**TRY IT:** Take the line that contains "Image width covers" and each line after it to the end of the data below, and set them down exactly, omitting pictures.

**TASK MATERIAL:**
* * * *

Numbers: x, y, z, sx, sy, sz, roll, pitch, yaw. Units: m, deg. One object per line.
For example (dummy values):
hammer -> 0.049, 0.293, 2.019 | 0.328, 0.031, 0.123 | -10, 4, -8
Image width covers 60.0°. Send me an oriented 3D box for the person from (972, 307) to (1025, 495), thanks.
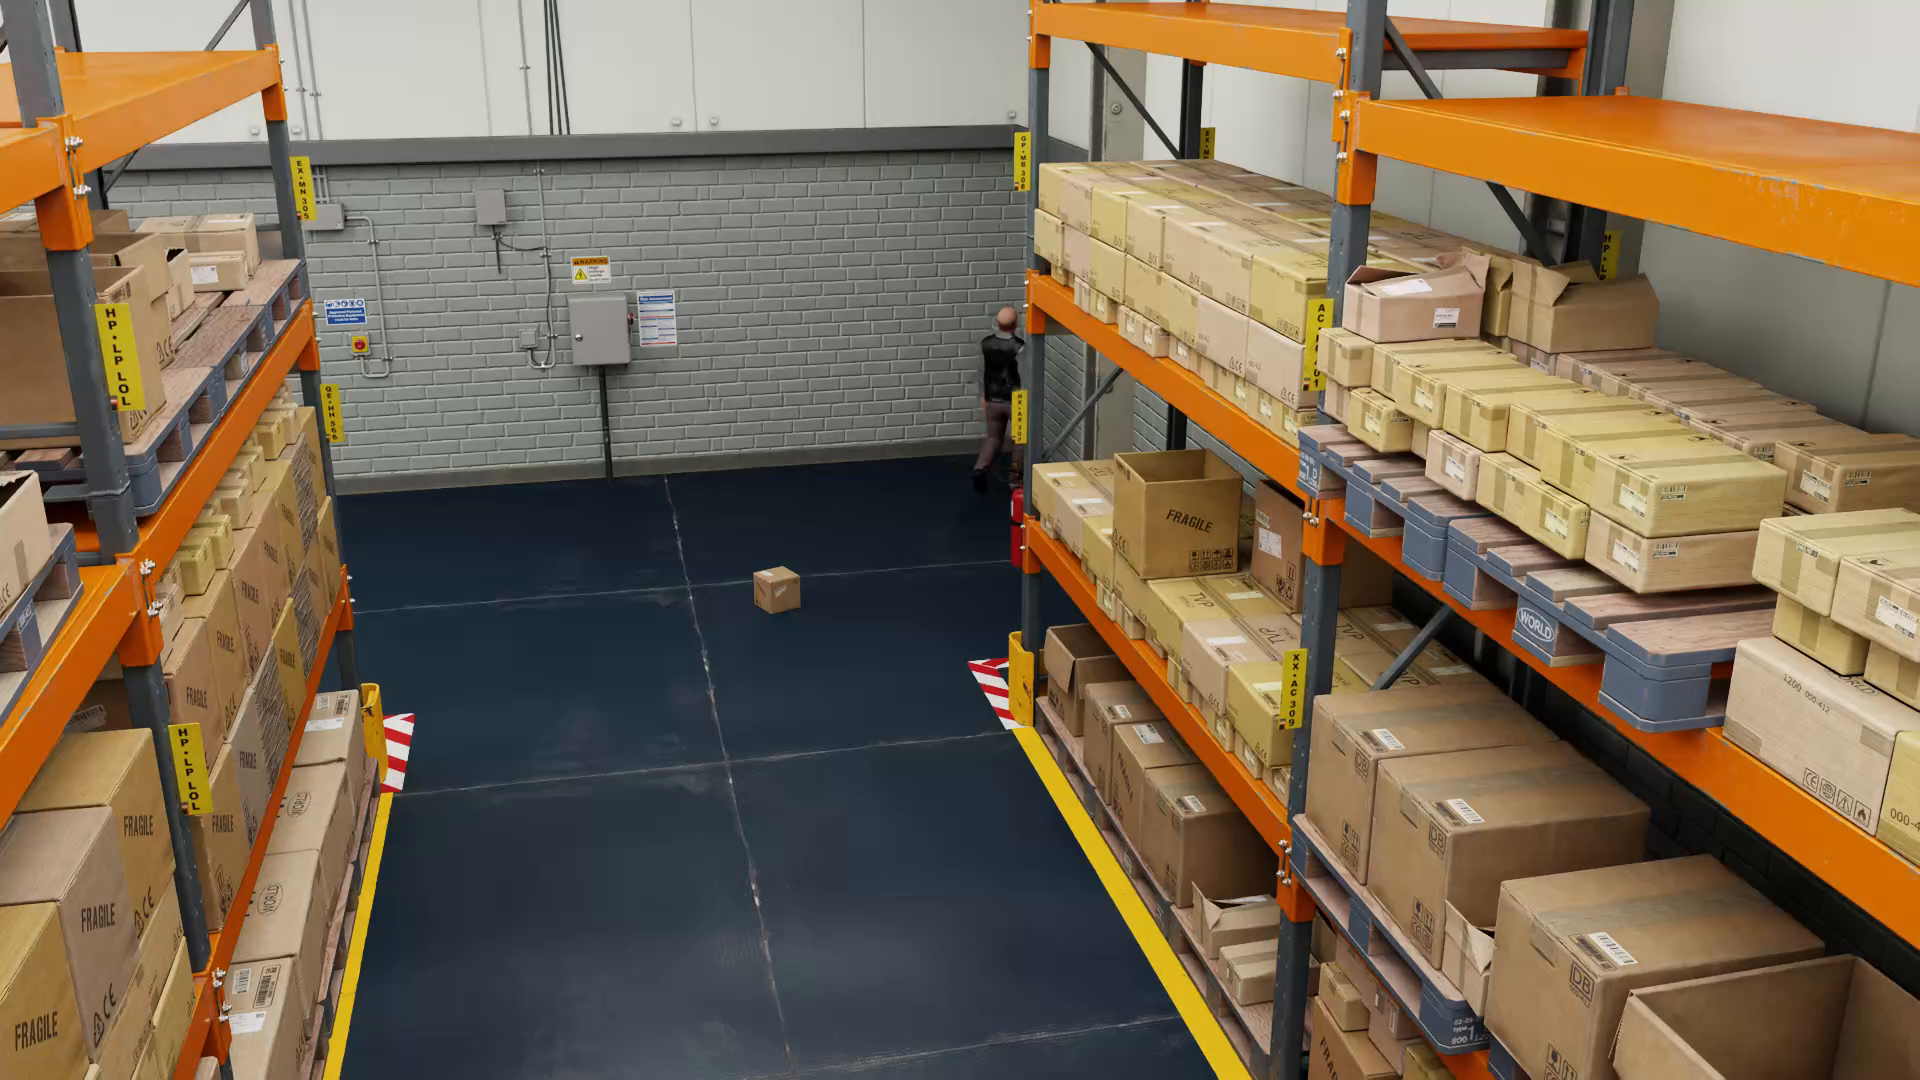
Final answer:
person -> 0.393, -1.182, 14.417 | 0.537, 1.703, 0.722 | 9, 21, 24

* * * *

**OUTPUT FOR THIS TASK:**
Image width covers 60.0°. Send me an oriented 3D box for the person from (972, 307) to (1025, 495), thanks.
Final answer:
person -> 0.393, -1.182, 14.417 | 0.537, 1.703, 0.722 | 9, 21, 24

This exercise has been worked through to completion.